● Exercise prompt: Leave the pictures behind and repeat all the entries exactly.
--- Provided data ---
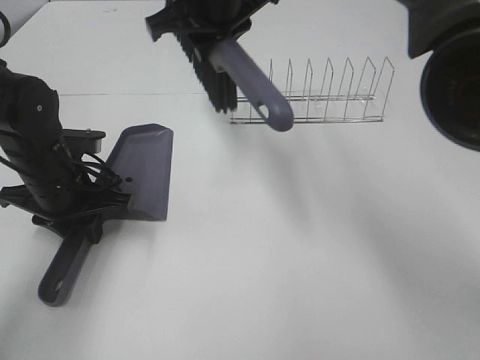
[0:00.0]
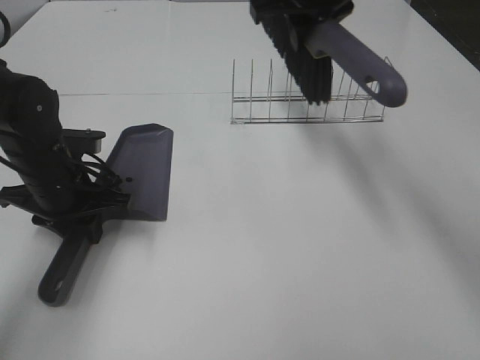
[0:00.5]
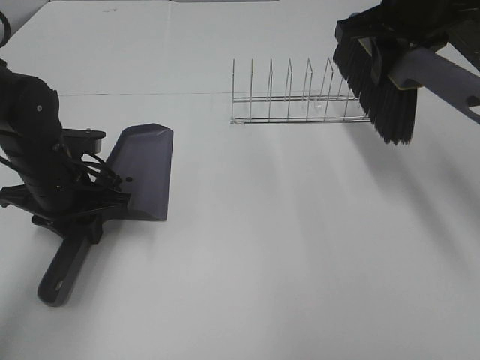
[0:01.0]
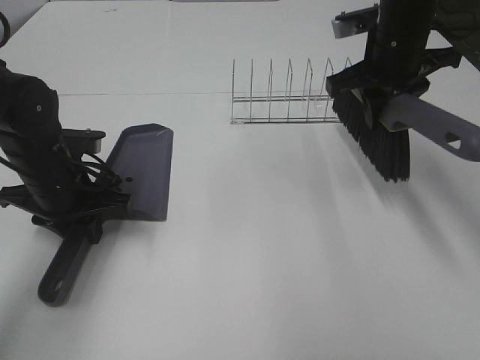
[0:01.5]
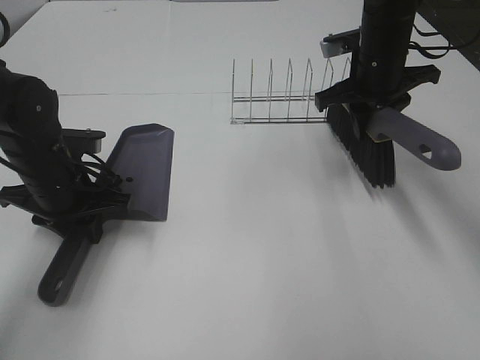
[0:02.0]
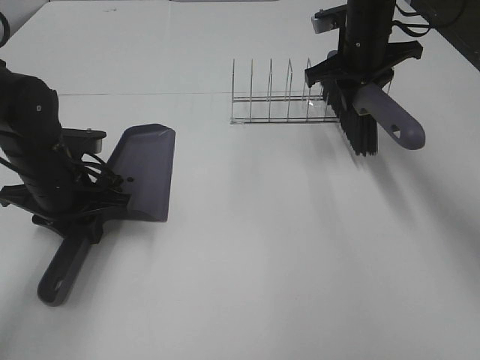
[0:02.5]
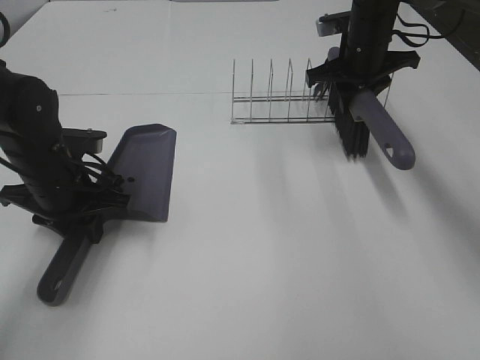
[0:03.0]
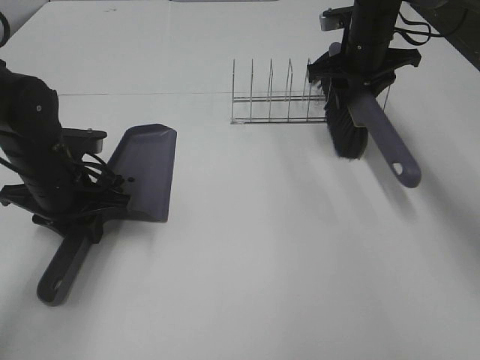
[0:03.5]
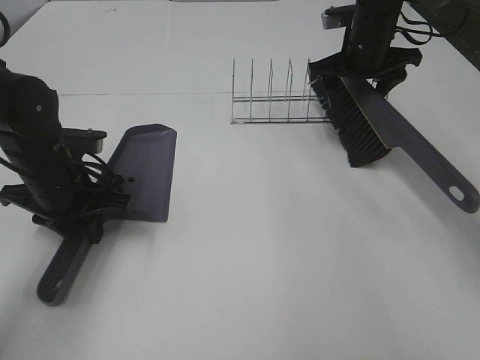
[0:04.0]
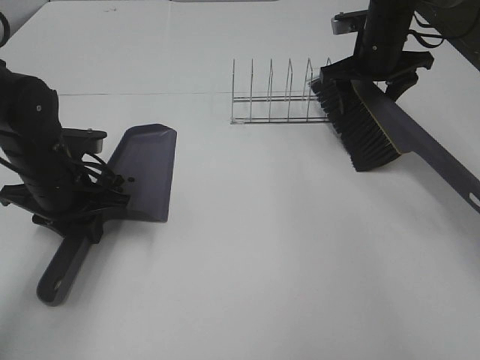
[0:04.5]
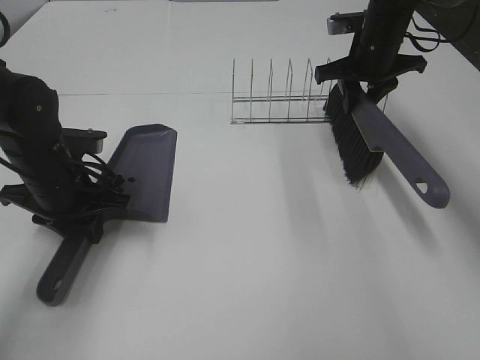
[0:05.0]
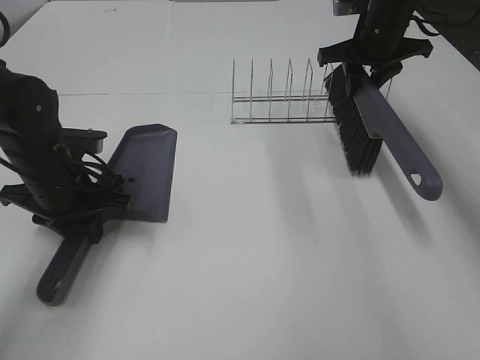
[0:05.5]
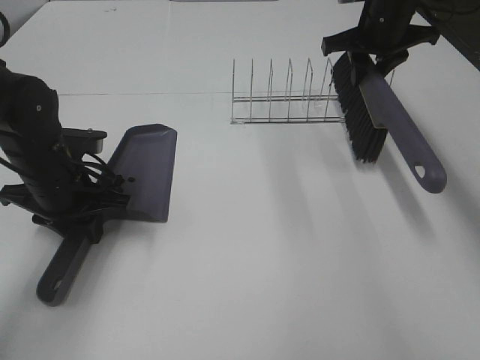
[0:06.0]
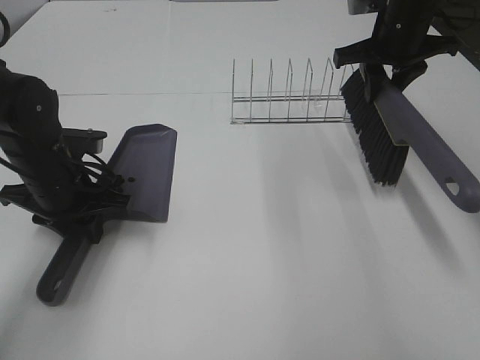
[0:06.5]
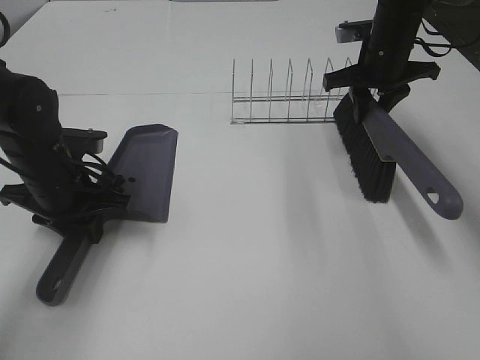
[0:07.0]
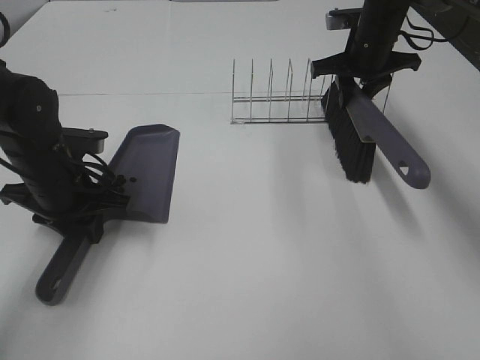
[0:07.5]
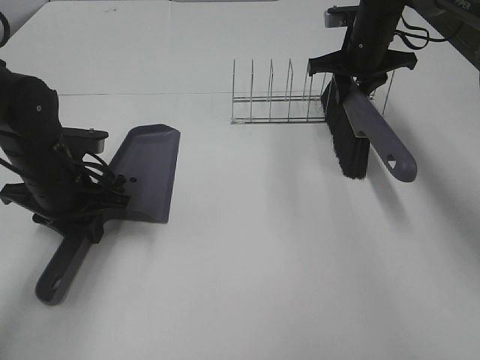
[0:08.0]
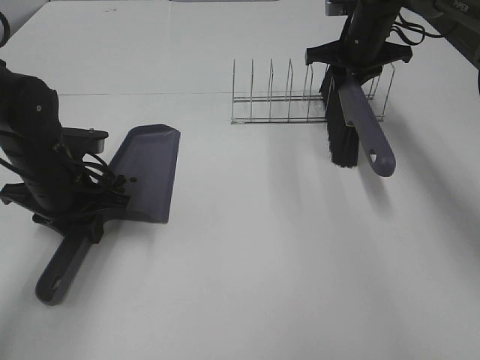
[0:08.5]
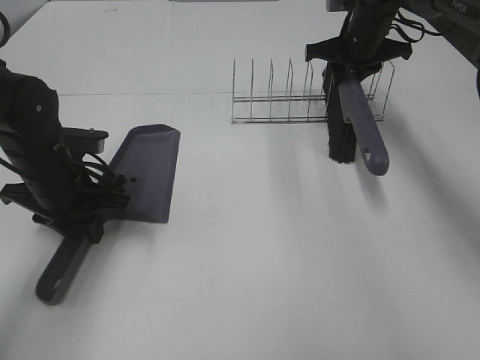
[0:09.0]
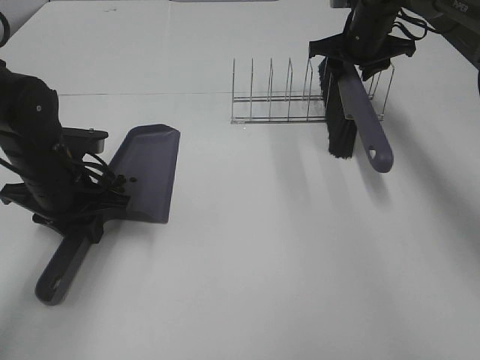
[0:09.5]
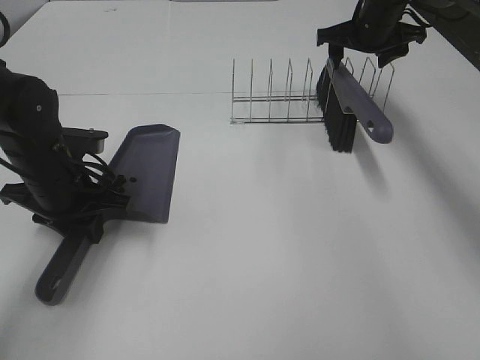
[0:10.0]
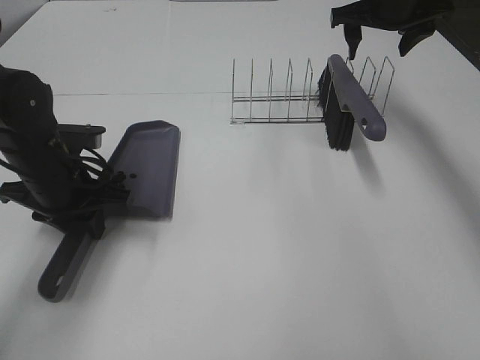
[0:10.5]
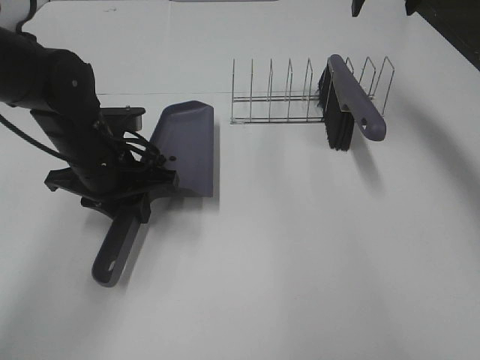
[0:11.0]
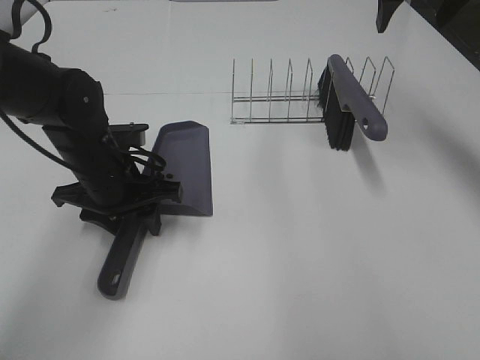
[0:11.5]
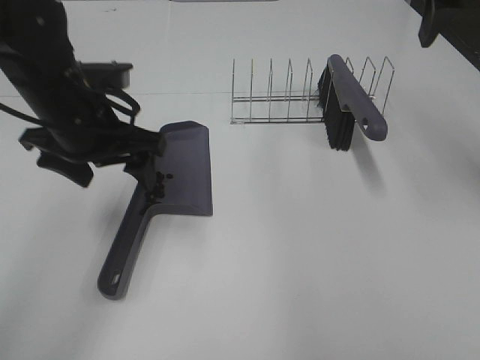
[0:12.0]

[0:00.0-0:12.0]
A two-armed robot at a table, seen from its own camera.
Task of the whole recording: Sweep Coffee Bean.
Step, 0:00.0 to 0:09.5: Right hand:place the broom on the rack.
Step, 0:10.0 to 0:11.5: Left hand:place the dustpan on the table.
0:00.0 to 0:02.0: The right gripper goes approximately 20 cm to the right and downward.
0:02.0 to 0:04.0: The right gripper heads forward, covering approximately 5 cm, and opens.
0:04.0 to 0:06.0: The right gripper closes up.
0:06.0 to 0:08.0: The right gripper shifts by about 5 cm.
0:08.0 to 0:10.0: The right gripper opens its fingers.
0:10.0 to 0:12.0: The left gripper shifts about 10 cm upward, and opens its fingers. The right gripper heads backward and upward, covering roughly 25 cm.
---
● Task answer:
[0:00.0]
[0:00.5]
[0:01.0]
[0:01.5]
[0:02.0]
[0:02.5]
[0:03.0]
[0:03.5]
[0:04.0]
[0:04.5]
[0:05.0]
[0:05.5]
[0:06.0]
[0:06.5]
[0:07.0]
[0:07.5]
[0:08.0]
[0:08.5]
[0:09.0]
[0:09.5]
[0:10.0]
[0:10.5]
[0:11.0]
[0:11.5]
[0:12.0]

[0:00.0-0:12.0]
A two-armed robot at a table, seen from its own camera.
Task of the whole recording: Sweep Coffee Bean.
Step, 0:00.0 to 0:09.5: Right hand:place the broom on the rack.
Step, 0:10.0 to 0:11.5: Left hand:place the dustpan on the table.
0:00.0 to 0:02.0: The right gripper goes approximately 20 cm to the right and downward.
0:02.0 to 0:04.0: The right gripper heads forward, covering approximately 5 cm, and opens.
0:04.0 to 0:06.0: The right gripper closes up.
0:06.0 to 0:08.0: The right gripper shifts by about 5 cm.
0:08.0 to 0:10.0: The right gripper opens its fingers.
0:10.0 to 0:12.0: The left gripper shifts about 10 cm upward, and opens its fingers. The right gripper heads backward and upward, covering roughly 25 cm.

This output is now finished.